In order to meet the legal requirements of the statute two elements need to be established: 1) the victimized group is a protected group under the statute’s definition; and 2) the perpetrating party must commit one of the listed acts with the intent to destroy the victimized group in whole or in part.

Whether or not the Palestinians are a protected group under the Genocide Convention is not at issue. Over the last half century the Palestinian people have molded a unique national identity without an independent national state, one which has been recognized by every government including Israel (although Israeli policy disputes the scope of that identity). Therefore the Palestinian people are a protected group as defined by international law.

Therefore, the issue raised is not one of identity but rather identifying whether the crimes conform to meet the definition of genocide. When the provisions of the Genocide Convention were being drafted, the intent of the drafters was to define the crime of all crimes. In other words, genocide was to be considered the most severe crime ever established. Therefore the convention’s writers set a high threshold 

Moving to the second element, the criminal provision provides that the perpetrating party must have the necessary mens rea, or intent, and must commit the necessary actus reus, or act to fit within the provided definition. To meet the statutory requirements of genocide it is not enough that an actor commit the aforementioned acts without intending to destroy a group in whole or in part. Alternatively, it is not enough that the actor have just the intent to commit the crime but not engage in any of the unlawful actions.

Intent

We now move to an analysis of the Palestinian situation in light of the established legal definition of genocide.

Proponents of the genocide theory point to statements made by individual Israelis and members of the Israeli legislature, the Knesset, as proof.  An example of which was a plan articulated in a post on Facebook by the Deputy Speaker of the Knesset, Moshe Feiglin. Through his post Feiglin called for Israel to conquer the entire Gaza Strip and eliminate the Palestinian population in the area.

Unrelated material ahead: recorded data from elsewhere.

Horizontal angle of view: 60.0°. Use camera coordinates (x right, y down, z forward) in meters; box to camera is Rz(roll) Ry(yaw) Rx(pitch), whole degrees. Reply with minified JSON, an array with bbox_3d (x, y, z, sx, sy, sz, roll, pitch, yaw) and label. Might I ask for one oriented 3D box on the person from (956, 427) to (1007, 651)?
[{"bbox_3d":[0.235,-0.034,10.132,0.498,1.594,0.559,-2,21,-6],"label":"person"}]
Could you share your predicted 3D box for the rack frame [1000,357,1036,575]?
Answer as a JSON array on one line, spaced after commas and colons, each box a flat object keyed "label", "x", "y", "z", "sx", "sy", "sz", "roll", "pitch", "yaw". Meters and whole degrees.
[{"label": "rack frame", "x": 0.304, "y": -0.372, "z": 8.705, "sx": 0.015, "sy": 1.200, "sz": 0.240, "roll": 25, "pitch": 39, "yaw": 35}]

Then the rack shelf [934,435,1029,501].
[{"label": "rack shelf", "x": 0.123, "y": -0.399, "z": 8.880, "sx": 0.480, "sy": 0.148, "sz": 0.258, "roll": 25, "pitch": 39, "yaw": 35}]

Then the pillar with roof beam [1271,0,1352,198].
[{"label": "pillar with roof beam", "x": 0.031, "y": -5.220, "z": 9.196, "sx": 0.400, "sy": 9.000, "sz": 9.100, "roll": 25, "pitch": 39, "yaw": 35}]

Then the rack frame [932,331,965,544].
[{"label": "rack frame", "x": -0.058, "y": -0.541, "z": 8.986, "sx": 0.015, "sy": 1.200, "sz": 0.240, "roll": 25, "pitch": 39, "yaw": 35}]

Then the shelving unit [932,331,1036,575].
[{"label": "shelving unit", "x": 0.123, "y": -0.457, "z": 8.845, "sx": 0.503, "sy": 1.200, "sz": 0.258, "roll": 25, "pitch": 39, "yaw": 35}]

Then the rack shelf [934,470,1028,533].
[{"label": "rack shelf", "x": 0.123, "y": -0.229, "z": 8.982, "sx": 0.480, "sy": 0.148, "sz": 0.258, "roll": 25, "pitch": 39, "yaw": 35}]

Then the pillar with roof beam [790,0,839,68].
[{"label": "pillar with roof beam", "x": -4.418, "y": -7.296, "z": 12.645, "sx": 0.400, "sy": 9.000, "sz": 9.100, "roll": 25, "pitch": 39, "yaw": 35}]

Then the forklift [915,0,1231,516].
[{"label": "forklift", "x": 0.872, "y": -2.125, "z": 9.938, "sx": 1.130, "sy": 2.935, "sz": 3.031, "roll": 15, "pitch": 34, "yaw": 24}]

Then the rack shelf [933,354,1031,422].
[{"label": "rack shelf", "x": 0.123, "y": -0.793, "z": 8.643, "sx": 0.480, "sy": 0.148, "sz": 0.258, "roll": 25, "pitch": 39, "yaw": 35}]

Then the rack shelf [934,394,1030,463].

The fact that Mr. Feiglin published such a plan in a Facebook post implies in of itself that his scheme did not have the support of the Israeli government. Had Prime Minister Benjamin Netanyahu, and the rest of the Israeli cabinet supported such a plan there would have been no need for Feiglin to resort to Facebook to espouse his radical solution. Additionally, the fact that the Israeli government pursued a course of action contrary to Feiglin’s plan, e.g. by pulling IDF forces out of Gaza instead of reoccupying it, further shows the lack of support Feiglin’s idea had with Israeli policy makers.

Statements such as Feiglin’s don’t equate to government policy, but instead serve as an individual’s own opinion. Minus such assertions no evidence exists which points to the specific intent of the Israeli government to commit genocide. There has been no evidence to date which shows that the Israeli government has the specific intent to engage in any of the statutorily illegal acts with the objective of destroying the Palestinian people in whole or in part.

Admittedly it is difficult to ascertain an actor's true intent. Rarely will actors outwardly flaunt the fact that they intend on committing an international crime. When presented with this conundrum during the prosecution of Jean-Paul Akayesu, the International Criminal Tribunal for Rwanda (ICTR) found that intent could be surmised through an analysis of the final results of the conflict considering factors such as a party's overall capability to commit the crime and the final casualty count. Which brings us to the numbers.

The Numbers

Even if we were to accept the claims that the Israeli government intended to destroy in whole or in part the Palestinian people, the claim still fails the second part of the test regarding the actual act of destruction.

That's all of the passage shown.